NTFS and some 3rd party file system filter drivers employ a technique to avoid a stack overflow. What they do is probe the stack by calling IoGetRemainingStackSize() and if there is not enough stack space left, they will offload the remainder of the work to a dedicated kernel thread that they created just for that purpose. On Vista or Later (or 2003 x64), developers can call KeExpandKernelStackAndCallout, which will allow chaining to another 16k stack. For more information, see http://msdn.microsoft.com/en-us/library/aa906738.aspx.
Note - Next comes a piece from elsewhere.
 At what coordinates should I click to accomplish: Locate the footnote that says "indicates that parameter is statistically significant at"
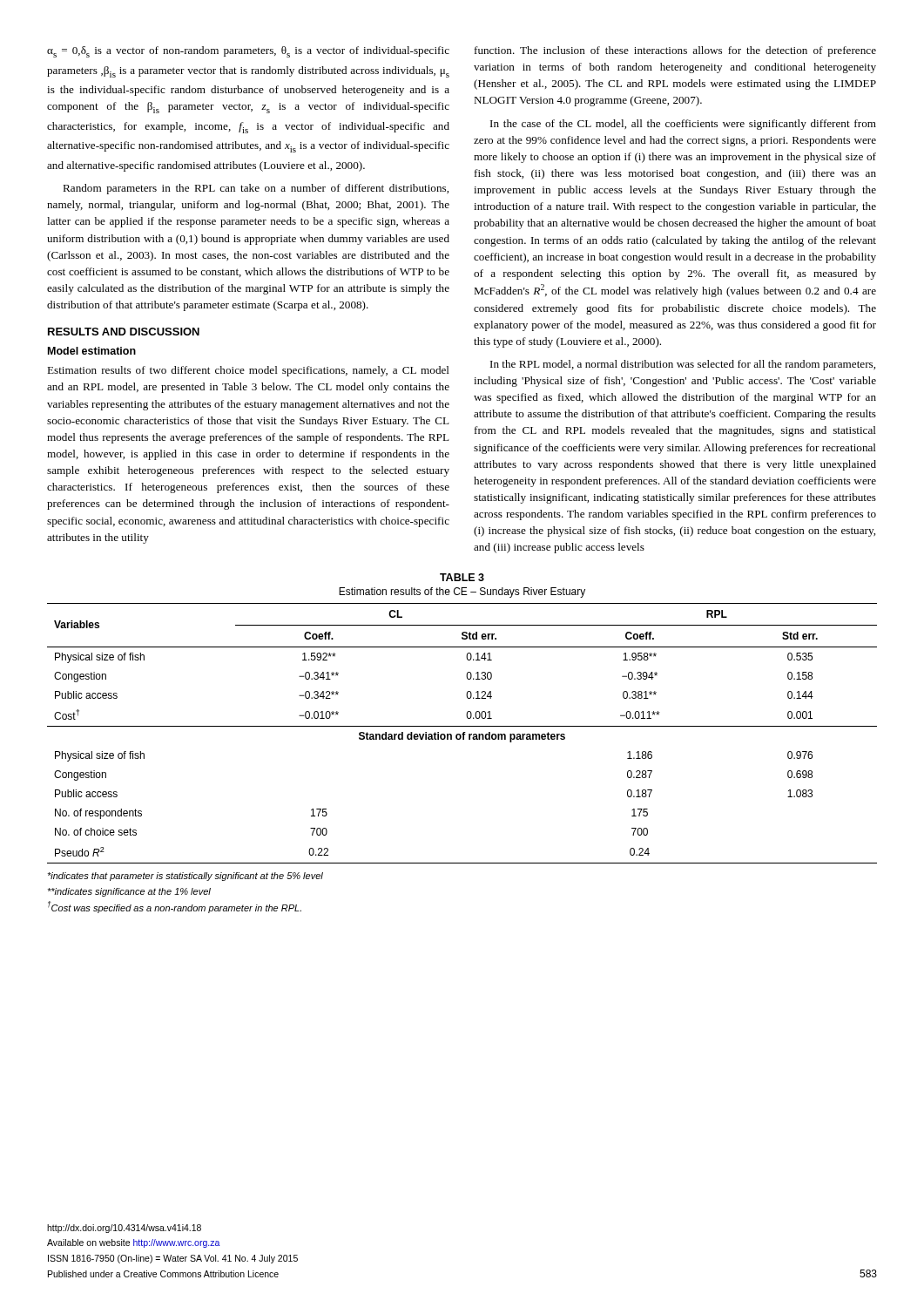tap(185, 877)

The easiest way to figure out why we have overflowed the stack is to dump it out and examine the stack backtrace. Therefore, this is typically the first and sometimes the only step necessary to perform when reviewing an EXCEPTION_DOUBLE_FAULT memory dump. We will now proceed to dump out the stack and examine the stack usage of the different drivers and the calls that they made to determine if further investigation is needed. So, let’s do that now. I will use the L200 option; otherwise the debugger will only display the default number of frames which won’t display the entire stack. It doesn’t make much sense to review only the top of the stack since the entire stack is full. I dumped the stack and only got one stack frame listed.
3: kd> kfL200
Memory ChildEBP RetAddr
b8ae5fe4 00000000 nt!_KiTrap0E+0x5c
This is not what I was hoping to see. We don’t have a stack. Let me try using kv to see if there is a trap frame
3: kd> kvL200
ChildEBP RetAddr Args to Child
b8ae5fe4 00000000 00000000 00000000 00000000 nt!_KiTrap0E+0x5c (FPO: [0,0] TrapFrame-EDITED @ 00000000)
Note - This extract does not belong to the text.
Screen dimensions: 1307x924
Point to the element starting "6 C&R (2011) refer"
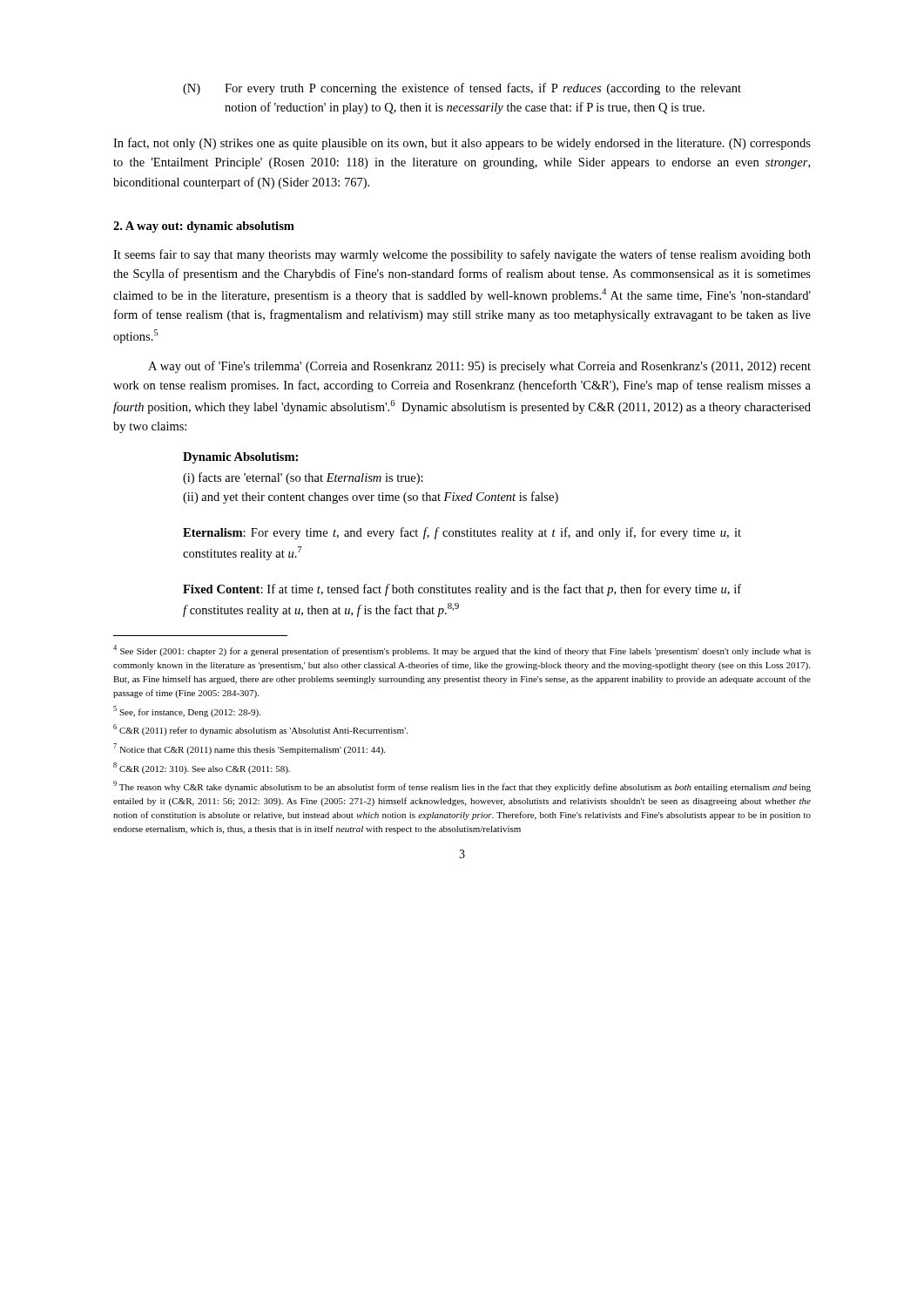[x=261, y=730]

So, I don’t see a valid trap frame either. I went back to my !analyze –v output and verified that it had also displayed this one frame only. How will we see what filled up the stack to provide recommendations to the customer or analysis on what happened without the stack? In part two of this blog, we will review how to manually reconstruct the stack and pass values into the kf command in order to get a useful stack backtrace to display.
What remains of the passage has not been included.